CAPITULO V: Amor e Amores: interações afetivas na comunidade Surda.

5.1 O surdo e a relação com a família.

Ainda há outras questões, como a familiar, a serem analisadas, para que se possa voltar à questão de afeto e construção de relações amorosas para e entre os surdos. Em meus mais de doze anos convivendo com surdos, primeiro como amigo, depois como profissional que atua na área, na educação de surdos, tive oportunidade de conhecer e ver de perto muitas famílias de pessoas surdas. Nesta pesquisa trabalho com onze (11) surdos e em dez (10) famílias destes, os ouvintes não sabem e nunca estudaram Libras para se comunicarem com seus filhos e filhas surdas. Este é o primeiro ponto a ser considerado: a comunicação dentro de casa. Durante todo este trabalho, foi uma constante, na fala dos surdos: ―minha família não sabe língua de sinais‖.

A grande exceção destas trajetórias é a de Gabriel, pois, tem em sua família um suporte muito forte de interação, comunicação e que foi responsável por sua autonomia hoje. Diferente de outros surdos, filhos de pais ouvintes, Gabriel usa Libras em casa naturalmente, com sua mãe, pai e irmãos. Demonstrando que é

possível a socialização mesmo quando a língua entre as pessoas é diferente, mesmo quando as demais famílias pensam não ser possível.
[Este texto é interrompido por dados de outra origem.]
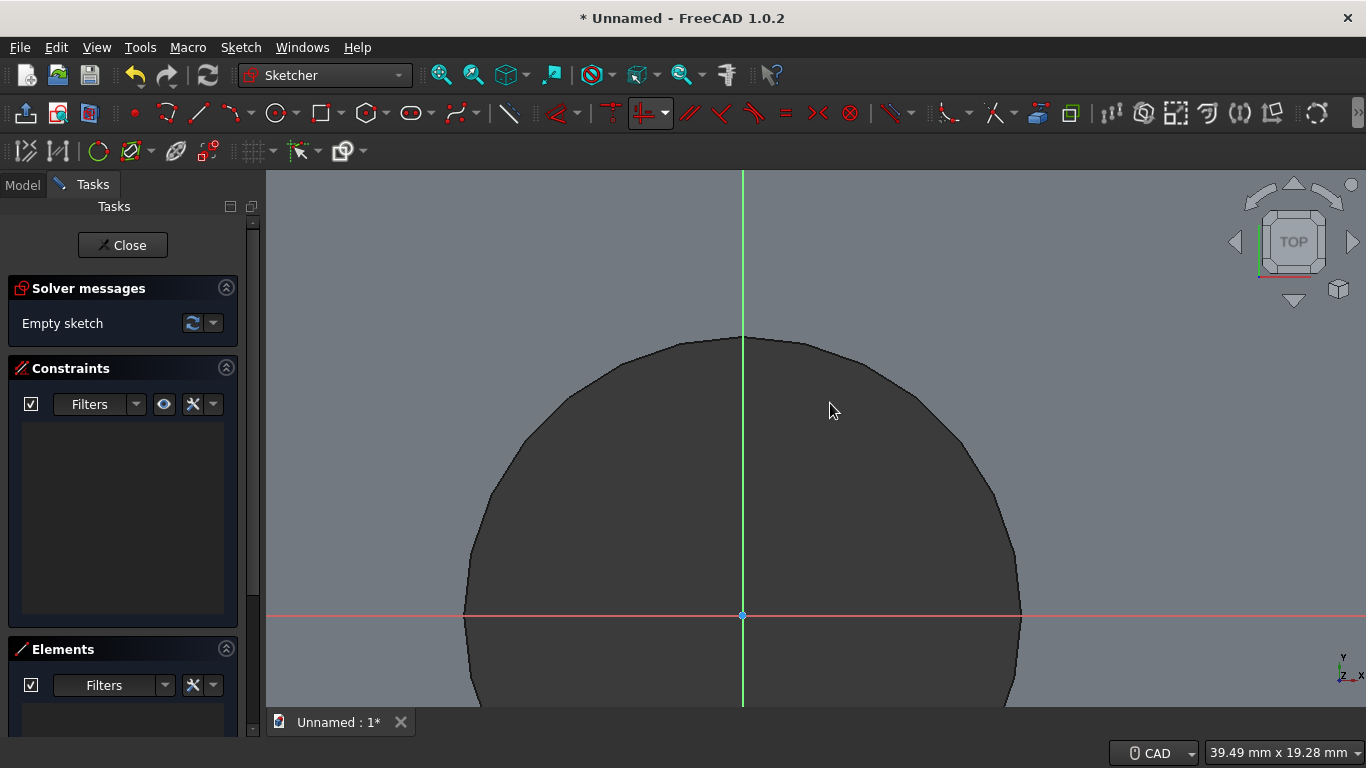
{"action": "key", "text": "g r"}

Sendo assim, iniciarei as reflexões tecendo análises sobre o processo interacional de pessoas surdas em suas famílias. E para tal, é necessário entender como surdos desenvolvem sua linguagem e, por conseguinte, uma língua que será, como para qualquer individuo, a base de sustentação, para seu desenvolvimento cognitivo, social, afetivo, educacional e individual.
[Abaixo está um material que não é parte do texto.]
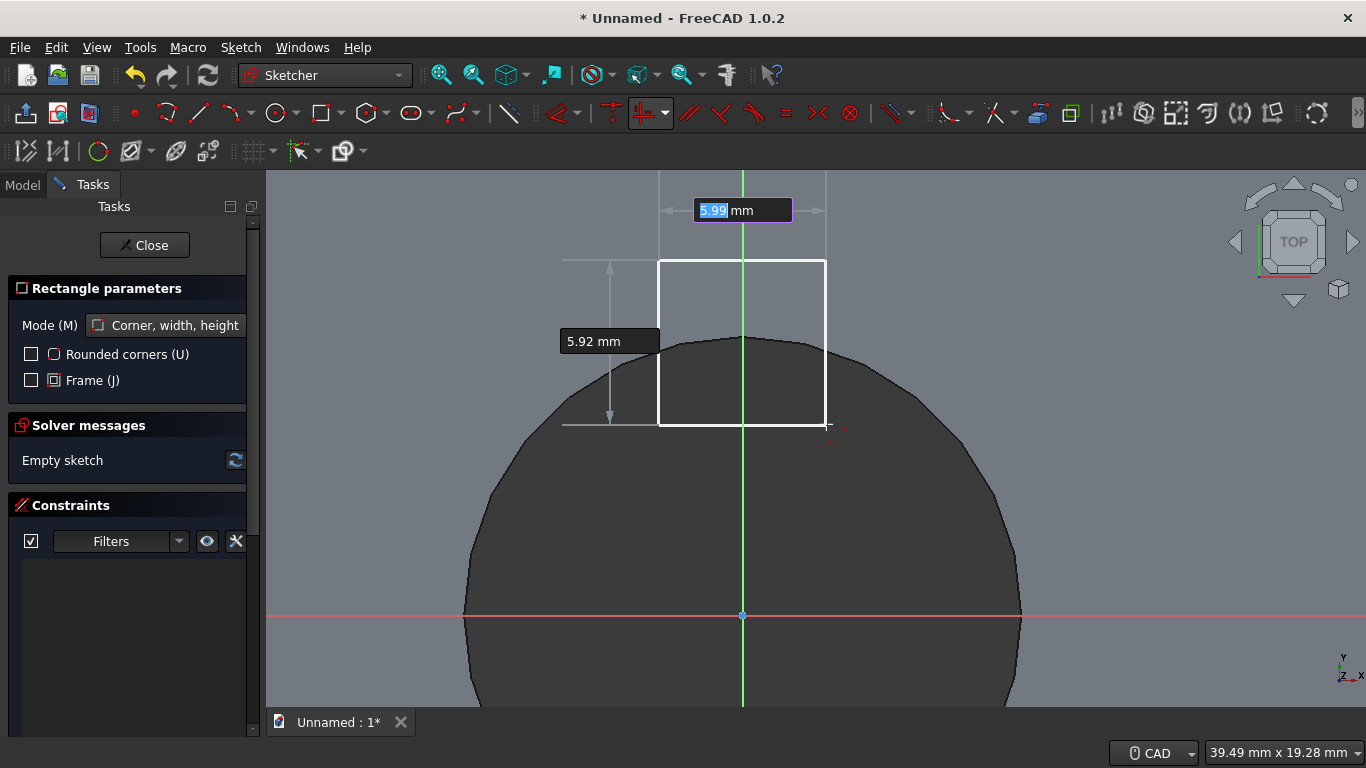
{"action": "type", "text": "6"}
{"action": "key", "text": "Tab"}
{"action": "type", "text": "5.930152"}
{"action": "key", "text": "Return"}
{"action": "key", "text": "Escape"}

Retomarei então alguns trechos das entrevistas com os interlocutores surdos, trazendo somente momentos em que falam de suas vivências em casa, com seus pais, familiares como um todo. Para então a partir daí tecer análises, sob a ótica da interação destes.

Figura 54: cartoon

Fonte: arquivo de pesquisa. Ronaldo Manassés.

―Nasci surda, minha infância foi muito difícil porque ninguém em casa sabia Libras. Vivia trancada em casa, sem entender o mundo à minha volta. Queria saber o que as pessoas falavam, riam, mas ninguém me ensinava nada. Aprendi a apontar e criar gestos. Até os 12 anos de idade, quando sai de casa e conheci outros surdos, eles até riam de mim, diziam que eu parecia uma criancinha porque perguntava tudo à minha volta — o sinal disso, sinal daquilo. O tempo todo estava chamando alguém do grupo e pedindo pra me ensinar os sinais. E foi nesta época que fui à escola e lá era horrível porque eu não entendia absolutamente nada do que as pessoas diziam. Não tinha intérpretes, a professora falava, falava e eu era igual máquina de xerox, só copiava e fingia que entendia‖.

Figura 55: cartoon

Fonte: arquivo de pesquisa. Ronaldo Manassés.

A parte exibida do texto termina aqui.